Why Writers Still Love Patricia Highsmith
Sometimes in music the biggest hits are also the songs that are critically lauded and hipster certified—Bruce Springsteen’s “Dancing in the Dark”, The Pixies’ “Where Is My Mind?”, Fleetwood Mac’s “Dreams.” Such is Patricia Highsmith’s masterpiece. If Strangers on a Train falls short in a thriller sense, why do writers still come back to Patricia Highsmith as a touchpoint for modern psychological suspense? Look no further than The Talented Mr. Ripley.
What works in Ripley’s favor is that, unlike Strangers on a Trian, it’s not a novel that rests on the premise of its plot or a what if question. While there are plenty of plot points in The Talented Mr.
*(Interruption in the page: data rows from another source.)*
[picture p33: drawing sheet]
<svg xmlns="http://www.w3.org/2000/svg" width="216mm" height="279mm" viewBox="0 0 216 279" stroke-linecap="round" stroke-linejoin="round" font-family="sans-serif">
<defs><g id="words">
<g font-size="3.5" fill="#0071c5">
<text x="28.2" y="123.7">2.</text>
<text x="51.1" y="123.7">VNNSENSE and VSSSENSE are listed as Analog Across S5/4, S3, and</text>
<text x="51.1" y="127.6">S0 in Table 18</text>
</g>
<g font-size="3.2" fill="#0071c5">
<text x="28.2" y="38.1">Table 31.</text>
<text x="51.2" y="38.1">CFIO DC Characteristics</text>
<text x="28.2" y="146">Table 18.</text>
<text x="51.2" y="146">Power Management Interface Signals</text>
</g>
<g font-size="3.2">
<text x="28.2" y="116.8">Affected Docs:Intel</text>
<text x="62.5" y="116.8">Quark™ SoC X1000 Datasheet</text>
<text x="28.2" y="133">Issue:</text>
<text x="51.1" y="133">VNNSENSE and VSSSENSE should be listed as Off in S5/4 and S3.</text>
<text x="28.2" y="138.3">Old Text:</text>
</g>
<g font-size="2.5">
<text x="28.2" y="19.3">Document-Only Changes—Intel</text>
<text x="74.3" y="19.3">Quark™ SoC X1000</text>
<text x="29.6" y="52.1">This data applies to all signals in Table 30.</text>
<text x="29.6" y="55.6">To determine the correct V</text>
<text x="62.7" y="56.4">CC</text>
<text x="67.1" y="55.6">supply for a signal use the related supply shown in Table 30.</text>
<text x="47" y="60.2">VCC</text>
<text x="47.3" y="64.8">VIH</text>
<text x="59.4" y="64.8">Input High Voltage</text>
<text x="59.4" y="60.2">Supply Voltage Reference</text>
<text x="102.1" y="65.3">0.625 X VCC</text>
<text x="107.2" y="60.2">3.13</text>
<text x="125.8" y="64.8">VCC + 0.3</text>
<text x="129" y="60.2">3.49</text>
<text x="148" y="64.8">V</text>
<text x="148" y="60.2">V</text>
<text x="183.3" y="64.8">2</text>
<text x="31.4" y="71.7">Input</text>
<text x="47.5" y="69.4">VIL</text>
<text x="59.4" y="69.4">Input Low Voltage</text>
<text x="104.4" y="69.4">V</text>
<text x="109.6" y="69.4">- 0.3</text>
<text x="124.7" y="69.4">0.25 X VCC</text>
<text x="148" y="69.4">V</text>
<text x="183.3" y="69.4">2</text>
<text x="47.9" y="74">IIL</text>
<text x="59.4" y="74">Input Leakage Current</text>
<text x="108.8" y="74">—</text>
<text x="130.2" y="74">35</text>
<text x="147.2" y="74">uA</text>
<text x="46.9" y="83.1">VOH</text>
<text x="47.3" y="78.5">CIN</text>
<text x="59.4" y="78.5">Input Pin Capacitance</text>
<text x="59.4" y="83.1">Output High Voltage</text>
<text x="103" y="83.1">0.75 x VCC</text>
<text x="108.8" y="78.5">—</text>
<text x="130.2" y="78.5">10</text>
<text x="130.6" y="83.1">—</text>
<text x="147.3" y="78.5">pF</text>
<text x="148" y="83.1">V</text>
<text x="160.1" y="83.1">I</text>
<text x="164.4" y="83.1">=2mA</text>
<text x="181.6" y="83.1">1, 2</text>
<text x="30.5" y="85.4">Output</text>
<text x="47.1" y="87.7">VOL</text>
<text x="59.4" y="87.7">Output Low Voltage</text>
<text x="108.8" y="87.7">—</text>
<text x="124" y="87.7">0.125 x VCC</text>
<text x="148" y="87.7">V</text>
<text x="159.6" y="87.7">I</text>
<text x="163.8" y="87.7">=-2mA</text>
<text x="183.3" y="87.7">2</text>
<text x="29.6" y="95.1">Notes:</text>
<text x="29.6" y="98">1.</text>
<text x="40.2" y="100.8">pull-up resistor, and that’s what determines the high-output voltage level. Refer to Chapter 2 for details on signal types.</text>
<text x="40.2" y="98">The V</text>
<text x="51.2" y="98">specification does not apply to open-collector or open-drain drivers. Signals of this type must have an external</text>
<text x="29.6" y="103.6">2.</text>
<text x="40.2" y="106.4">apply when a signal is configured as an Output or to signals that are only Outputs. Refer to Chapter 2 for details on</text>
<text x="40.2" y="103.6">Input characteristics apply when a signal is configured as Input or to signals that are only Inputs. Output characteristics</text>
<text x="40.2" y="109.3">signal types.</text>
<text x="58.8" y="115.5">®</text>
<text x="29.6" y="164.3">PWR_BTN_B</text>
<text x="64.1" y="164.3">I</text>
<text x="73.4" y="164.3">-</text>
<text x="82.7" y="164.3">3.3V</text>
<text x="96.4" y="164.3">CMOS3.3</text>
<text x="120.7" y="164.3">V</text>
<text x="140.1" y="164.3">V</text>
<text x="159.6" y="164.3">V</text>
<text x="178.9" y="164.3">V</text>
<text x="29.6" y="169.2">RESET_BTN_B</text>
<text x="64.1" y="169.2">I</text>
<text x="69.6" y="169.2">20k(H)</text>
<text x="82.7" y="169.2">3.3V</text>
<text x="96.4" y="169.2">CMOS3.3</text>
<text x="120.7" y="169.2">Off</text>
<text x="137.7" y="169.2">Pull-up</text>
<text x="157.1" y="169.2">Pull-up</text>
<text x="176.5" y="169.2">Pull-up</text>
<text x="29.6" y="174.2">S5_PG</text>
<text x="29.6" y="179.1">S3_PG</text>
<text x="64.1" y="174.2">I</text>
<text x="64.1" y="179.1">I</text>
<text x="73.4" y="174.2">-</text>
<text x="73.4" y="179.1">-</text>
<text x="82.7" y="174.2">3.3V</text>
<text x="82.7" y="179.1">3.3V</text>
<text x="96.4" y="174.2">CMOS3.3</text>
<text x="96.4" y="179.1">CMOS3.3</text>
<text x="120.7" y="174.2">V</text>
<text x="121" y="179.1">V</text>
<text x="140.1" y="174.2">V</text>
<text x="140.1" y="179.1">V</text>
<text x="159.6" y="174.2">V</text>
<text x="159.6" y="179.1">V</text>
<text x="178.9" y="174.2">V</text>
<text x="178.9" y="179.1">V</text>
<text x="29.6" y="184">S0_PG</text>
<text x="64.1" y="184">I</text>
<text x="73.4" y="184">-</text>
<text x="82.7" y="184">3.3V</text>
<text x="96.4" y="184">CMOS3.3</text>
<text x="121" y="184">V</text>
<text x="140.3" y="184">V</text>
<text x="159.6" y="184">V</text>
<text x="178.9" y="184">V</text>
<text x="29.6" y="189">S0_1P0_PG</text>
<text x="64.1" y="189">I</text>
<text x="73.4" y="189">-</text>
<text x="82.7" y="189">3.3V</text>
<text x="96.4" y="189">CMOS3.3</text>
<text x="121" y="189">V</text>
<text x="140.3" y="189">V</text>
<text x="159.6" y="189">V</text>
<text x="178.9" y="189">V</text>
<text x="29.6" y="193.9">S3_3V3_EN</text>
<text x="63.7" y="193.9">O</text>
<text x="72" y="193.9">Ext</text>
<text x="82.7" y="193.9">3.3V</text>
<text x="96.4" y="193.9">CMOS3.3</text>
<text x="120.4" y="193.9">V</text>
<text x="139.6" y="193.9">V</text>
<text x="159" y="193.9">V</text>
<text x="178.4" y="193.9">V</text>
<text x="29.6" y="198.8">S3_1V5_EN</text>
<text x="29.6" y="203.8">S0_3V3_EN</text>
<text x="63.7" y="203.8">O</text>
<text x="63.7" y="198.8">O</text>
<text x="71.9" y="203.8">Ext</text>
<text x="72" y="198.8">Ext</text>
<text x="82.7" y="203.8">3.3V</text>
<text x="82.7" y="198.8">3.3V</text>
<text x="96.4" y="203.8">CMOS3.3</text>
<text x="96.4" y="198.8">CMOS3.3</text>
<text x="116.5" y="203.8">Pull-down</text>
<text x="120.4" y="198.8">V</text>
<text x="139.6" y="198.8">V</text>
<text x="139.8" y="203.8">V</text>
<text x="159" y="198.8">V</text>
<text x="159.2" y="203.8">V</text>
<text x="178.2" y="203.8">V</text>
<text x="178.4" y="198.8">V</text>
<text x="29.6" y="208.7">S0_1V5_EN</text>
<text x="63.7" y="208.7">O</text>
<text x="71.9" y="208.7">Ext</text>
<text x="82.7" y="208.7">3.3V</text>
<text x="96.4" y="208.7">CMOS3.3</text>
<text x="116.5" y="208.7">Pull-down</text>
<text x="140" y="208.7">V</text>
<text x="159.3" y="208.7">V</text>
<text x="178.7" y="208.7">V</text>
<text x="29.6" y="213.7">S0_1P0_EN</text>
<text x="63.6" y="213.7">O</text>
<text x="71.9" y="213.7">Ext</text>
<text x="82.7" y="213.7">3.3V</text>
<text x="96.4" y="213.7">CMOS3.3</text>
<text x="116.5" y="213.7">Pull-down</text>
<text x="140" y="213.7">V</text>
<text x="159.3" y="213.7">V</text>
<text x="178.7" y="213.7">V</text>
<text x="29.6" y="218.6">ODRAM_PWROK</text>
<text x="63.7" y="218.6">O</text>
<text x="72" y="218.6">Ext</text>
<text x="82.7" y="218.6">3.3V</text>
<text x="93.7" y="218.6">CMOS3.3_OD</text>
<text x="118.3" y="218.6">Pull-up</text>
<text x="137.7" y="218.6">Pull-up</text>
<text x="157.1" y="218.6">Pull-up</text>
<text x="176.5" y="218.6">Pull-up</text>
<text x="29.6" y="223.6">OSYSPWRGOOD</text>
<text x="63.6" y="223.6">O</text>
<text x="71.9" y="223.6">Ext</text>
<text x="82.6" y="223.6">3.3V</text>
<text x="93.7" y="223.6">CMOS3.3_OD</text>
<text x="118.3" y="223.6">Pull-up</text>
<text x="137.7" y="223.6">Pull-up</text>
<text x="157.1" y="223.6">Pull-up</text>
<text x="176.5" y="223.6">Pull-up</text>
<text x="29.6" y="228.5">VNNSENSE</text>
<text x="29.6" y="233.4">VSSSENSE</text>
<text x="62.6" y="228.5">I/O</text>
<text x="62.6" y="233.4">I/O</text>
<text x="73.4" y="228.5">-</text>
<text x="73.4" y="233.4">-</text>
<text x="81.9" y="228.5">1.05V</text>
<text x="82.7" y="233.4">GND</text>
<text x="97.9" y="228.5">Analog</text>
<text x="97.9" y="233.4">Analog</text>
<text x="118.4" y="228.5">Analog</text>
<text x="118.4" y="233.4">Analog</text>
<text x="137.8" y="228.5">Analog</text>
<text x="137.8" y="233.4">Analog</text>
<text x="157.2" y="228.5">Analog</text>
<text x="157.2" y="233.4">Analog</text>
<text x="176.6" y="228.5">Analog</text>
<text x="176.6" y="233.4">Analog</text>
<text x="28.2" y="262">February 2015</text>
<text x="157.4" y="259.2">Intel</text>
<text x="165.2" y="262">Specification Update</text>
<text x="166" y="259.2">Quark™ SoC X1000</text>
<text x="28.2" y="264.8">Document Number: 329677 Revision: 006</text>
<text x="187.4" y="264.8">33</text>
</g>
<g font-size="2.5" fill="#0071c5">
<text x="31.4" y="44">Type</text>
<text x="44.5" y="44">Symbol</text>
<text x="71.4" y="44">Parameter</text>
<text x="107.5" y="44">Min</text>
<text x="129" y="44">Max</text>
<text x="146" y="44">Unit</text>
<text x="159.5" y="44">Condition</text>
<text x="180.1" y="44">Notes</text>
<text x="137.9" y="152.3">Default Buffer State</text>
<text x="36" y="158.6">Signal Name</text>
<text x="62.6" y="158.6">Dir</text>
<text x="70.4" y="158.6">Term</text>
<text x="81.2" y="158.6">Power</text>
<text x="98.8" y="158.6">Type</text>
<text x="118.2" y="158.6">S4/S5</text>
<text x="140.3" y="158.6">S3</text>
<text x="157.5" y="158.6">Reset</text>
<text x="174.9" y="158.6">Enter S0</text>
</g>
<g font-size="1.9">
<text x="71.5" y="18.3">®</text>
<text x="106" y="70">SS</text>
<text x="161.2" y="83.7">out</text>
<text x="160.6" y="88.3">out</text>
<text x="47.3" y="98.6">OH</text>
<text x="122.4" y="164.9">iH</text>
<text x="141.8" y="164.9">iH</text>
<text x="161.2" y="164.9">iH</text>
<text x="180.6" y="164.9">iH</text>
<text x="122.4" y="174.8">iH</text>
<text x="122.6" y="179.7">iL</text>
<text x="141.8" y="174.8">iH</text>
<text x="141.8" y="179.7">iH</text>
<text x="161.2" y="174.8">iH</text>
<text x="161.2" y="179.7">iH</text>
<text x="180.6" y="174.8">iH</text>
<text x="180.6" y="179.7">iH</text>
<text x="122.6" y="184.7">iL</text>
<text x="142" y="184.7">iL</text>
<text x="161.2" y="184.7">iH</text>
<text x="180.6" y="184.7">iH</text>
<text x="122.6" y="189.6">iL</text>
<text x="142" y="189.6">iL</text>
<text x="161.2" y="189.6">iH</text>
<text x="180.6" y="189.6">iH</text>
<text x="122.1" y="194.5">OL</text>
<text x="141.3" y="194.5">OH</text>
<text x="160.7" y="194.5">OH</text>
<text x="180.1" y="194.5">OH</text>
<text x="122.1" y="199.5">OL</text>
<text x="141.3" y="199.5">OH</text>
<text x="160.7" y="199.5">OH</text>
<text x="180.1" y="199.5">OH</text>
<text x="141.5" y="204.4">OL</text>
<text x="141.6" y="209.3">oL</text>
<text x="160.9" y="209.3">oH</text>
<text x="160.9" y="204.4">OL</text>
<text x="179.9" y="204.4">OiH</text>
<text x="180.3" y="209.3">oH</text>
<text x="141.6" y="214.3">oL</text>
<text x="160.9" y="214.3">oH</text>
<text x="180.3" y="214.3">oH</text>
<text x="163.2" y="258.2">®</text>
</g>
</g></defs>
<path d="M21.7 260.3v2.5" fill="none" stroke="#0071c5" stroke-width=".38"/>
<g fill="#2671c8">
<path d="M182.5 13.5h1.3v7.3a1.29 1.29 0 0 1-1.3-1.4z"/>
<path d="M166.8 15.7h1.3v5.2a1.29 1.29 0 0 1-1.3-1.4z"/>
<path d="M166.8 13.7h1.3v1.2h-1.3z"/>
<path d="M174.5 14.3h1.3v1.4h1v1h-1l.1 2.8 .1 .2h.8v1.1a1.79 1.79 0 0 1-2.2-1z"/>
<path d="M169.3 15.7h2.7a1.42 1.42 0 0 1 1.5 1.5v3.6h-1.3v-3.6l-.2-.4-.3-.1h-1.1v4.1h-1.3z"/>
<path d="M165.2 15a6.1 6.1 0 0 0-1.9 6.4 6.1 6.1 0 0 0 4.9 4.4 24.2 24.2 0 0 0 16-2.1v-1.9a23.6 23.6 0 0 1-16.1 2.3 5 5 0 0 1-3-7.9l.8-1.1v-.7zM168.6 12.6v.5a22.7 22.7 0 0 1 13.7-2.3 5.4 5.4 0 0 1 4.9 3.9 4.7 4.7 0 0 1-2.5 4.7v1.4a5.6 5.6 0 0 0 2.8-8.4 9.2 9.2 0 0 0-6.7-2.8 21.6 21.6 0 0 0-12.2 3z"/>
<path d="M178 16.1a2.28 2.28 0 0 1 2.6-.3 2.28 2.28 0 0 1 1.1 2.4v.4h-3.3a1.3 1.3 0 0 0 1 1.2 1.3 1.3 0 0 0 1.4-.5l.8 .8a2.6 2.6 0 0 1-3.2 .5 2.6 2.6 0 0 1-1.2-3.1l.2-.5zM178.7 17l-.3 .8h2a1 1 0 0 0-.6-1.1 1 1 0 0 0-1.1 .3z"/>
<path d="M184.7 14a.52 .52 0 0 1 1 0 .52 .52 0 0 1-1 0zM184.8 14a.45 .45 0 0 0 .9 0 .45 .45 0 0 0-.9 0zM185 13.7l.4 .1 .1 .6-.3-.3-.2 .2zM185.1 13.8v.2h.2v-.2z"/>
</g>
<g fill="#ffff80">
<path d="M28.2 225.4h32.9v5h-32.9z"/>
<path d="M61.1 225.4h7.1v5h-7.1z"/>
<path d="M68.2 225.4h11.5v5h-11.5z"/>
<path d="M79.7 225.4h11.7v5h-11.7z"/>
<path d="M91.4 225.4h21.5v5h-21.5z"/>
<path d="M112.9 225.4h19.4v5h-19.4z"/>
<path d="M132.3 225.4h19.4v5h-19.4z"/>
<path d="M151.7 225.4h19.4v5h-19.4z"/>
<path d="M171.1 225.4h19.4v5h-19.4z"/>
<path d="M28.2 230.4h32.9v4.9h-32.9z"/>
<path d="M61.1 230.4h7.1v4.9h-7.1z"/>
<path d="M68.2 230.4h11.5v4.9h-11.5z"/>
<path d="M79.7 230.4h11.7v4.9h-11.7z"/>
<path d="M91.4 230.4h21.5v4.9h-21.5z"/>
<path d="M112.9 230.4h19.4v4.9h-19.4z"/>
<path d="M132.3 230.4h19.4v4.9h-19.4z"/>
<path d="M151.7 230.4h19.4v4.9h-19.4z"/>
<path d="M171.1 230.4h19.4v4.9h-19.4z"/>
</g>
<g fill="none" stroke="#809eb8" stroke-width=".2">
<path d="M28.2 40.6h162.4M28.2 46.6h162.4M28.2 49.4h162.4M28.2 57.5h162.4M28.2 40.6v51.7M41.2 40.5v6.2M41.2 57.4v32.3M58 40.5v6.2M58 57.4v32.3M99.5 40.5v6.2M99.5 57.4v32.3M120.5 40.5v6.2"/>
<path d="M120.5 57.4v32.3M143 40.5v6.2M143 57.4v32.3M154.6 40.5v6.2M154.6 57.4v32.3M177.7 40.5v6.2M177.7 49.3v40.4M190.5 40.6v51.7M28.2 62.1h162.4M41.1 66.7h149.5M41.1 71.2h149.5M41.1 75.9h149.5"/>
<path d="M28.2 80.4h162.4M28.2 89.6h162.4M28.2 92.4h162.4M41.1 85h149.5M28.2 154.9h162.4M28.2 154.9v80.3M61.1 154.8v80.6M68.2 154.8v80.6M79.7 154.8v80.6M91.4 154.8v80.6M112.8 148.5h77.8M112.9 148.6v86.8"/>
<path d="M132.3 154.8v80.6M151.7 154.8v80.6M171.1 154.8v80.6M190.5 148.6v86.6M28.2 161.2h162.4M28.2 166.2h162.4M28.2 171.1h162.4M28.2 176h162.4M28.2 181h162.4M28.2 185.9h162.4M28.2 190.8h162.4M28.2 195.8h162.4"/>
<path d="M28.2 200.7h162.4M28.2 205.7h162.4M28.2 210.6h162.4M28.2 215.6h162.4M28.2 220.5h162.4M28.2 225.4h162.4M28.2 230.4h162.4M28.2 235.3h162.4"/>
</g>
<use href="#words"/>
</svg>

Ripley, it’s hard to argue that any of Ripley’s murdering or police evasion is the main engine of The Talented Mr. Ripley (although those capers are nicely pulled off by Highsmith—one could really assume a different identity a lot easier in the days of post offices and landline telephones). What is enduring about Highsmith’s most famous novel is that all of her talents for psychological interiority and morality are funneled into the creation of one of the most compelling anti-heroes and con men of all-time. Ripley is a full-on character study. Tom Ripley is such a captivating character because of his talents—mainly his high-functioning sociopathy—that the whole novel is spent following Tom as he gets himself in and out of one bad situation after another, by any means necessary.
In the same way that Hitchcock captured the poor qualities of Strangers but fundamentally changed the structure of Highsmith’s novel, so did the film adaptation of The Talented Mr. Ripley starring Matt Damon, Jude Law, and Gwyneth Paltrow, capture the stellar qualities of its source material while also changing the structure. With performances that match and even elevate the source material—for instance, Dickie’s girlfriend Marge, played by Paltrow, is given a much larger role than she has in the book—the film captures the electric scenes, enhanced by the visuals and performances, of some of the most uncanny and unnerving moments in the book. Ripley finding Dickie and Marge for the first time on the beach while still wearing his dress shoes. Dickie walking in on Ripley dressing up and pretending to be him stands out in both versions as one of the most layered and evocative scenes.
Where the movie strays in a very significant way is the explicit connection between Ripley’s homosexuality and his murderous rage. The “depraved homosexual” has long been a loathsome tv/film troupe (one that Hitchcock also made more central in his adaptation of Strangers on a Train!). But where the otherwise excellent film fails by fully indulging this noxious and reductive trope, Highsmith’s much more subtle touch and novelists’ sensibility shines. Although Ripley, it would seem, is queer in some way from the novel, Highsmith never explicitly spells out his sexuality. Highsmith leaves Ripley’s motivations and character clear but unanswerable, as wonderfully up for interpretation in the 21st century as it was in the 20th. This is exemplary of the timeless quality of Highsmith’s writing and her mastery of the form. It’s no wonder she would go on to write a total of five Ripley books over her career. It’s also no surprise after reading Ripley why writers come back to Highsmith again and again and why some of our most iconic murderous characters—from Hannibal Lector, to Patrick Bateman, to Amy Dunne—can be traced, in some ways, back to Highsmith’s trailblazing work.